[Start of section]

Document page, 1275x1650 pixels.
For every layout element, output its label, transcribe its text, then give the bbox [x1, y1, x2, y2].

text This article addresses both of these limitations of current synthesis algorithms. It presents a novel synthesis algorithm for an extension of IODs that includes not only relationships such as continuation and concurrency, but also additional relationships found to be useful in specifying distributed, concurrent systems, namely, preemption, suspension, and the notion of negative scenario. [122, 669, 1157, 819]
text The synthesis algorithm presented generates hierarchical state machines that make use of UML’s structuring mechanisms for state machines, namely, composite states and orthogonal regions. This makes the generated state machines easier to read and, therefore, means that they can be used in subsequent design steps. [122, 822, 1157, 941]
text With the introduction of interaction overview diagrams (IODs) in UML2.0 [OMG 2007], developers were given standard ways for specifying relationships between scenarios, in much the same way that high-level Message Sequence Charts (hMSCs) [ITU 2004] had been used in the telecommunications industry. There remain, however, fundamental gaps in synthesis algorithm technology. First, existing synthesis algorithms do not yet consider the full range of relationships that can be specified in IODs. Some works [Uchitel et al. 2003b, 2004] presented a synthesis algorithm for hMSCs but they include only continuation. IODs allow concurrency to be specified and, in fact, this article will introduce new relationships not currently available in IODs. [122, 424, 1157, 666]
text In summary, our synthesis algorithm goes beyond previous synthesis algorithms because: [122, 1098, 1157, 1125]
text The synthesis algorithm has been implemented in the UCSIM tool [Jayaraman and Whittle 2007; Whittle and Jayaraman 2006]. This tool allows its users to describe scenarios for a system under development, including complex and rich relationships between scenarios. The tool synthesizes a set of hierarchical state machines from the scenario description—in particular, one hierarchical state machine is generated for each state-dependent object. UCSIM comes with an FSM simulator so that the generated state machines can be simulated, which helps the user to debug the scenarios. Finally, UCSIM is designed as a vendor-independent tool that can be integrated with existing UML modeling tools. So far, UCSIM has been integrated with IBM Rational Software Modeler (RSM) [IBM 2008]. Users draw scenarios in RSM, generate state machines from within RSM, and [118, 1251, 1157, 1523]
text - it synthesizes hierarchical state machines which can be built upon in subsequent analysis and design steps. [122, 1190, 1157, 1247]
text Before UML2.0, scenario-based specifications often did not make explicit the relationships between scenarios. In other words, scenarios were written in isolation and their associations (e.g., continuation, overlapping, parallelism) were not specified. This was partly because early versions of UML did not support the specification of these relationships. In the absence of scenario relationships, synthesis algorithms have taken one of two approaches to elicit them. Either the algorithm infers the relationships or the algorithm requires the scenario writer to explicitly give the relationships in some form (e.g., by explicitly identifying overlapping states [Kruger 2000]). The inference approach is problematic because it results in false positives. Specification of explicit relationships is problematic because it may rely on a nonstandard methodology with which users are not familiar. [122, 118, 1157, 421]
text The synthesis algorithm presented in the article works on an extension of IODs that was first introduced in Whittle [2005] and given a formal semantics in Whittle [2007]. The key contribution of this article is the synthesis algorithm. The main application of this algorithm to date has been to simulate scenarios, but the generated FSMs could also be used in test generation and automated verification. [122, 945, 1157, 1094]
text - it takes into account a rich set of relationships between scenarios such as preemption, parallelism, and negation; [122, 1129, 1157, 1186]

[End of section]
[Start of section]

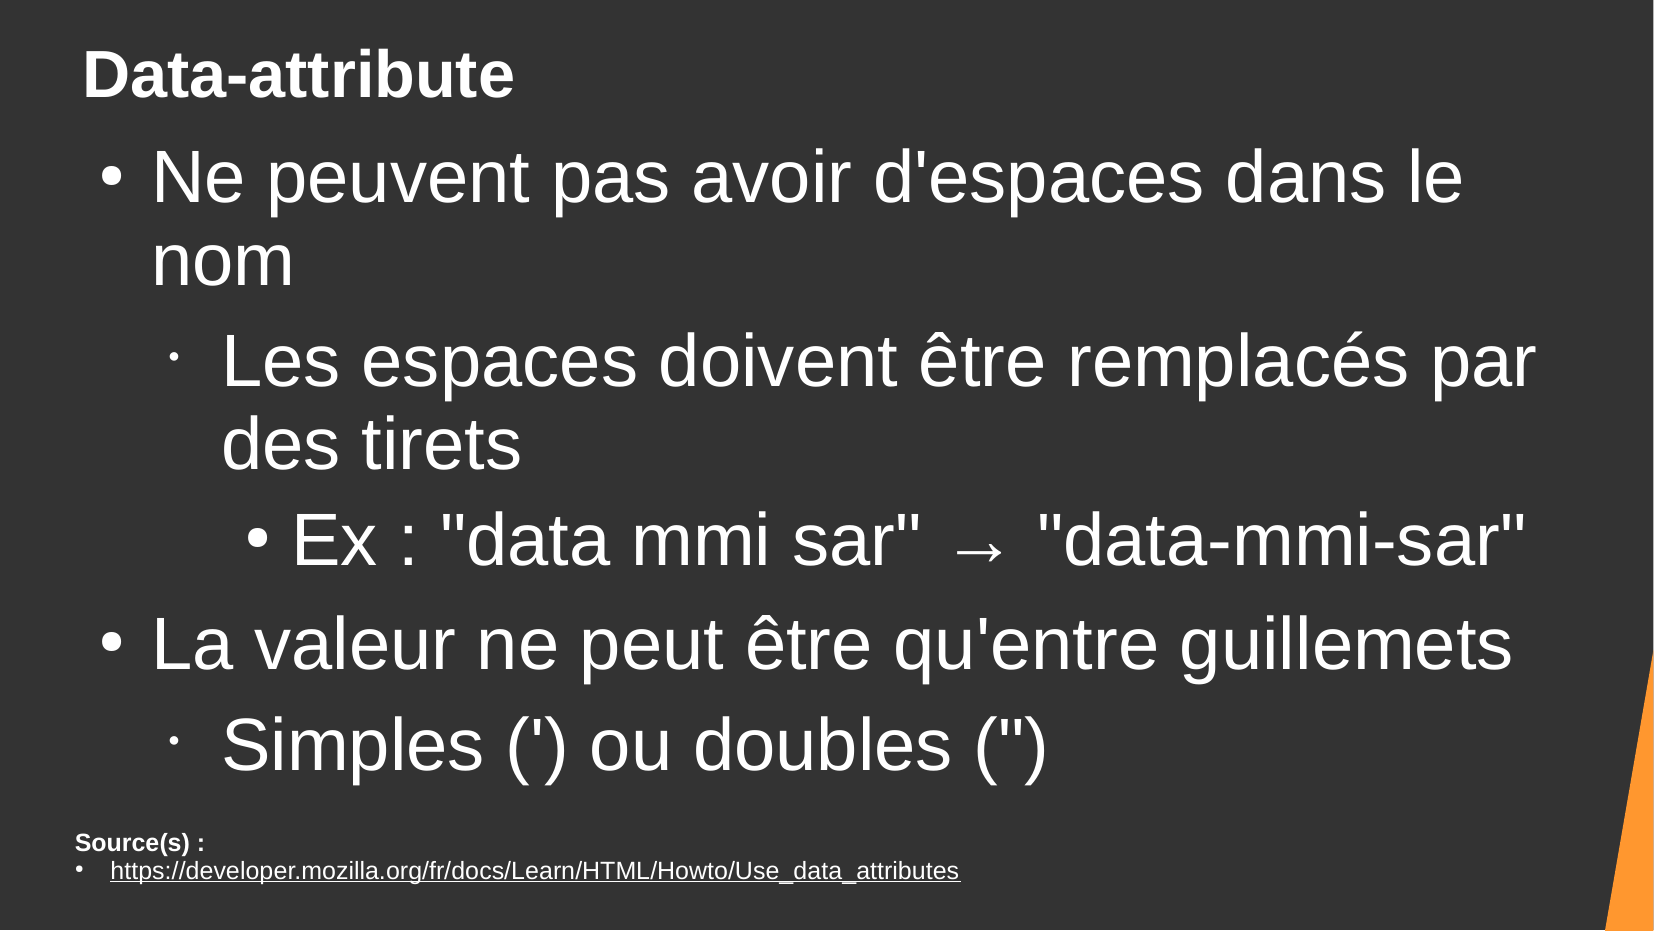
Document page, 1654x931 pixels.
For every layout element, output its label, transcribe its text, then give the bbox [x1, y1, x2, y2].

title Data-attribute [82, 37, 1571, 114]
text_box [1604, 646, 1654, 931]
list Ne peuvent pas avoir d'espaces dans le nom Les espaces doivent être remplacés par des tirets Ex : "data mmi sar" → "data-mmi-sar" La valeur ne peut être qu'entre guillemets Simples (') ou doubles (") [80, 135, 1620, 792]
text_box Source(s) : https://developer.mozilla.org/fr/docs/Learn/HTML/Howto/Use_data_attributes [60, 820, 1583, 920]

[End of section]

## Exercise aim
Report all lines in the records that include the string "page".

## Task response
Document page, 1275x1650 pixels.
Document page, 1654x931 pixels.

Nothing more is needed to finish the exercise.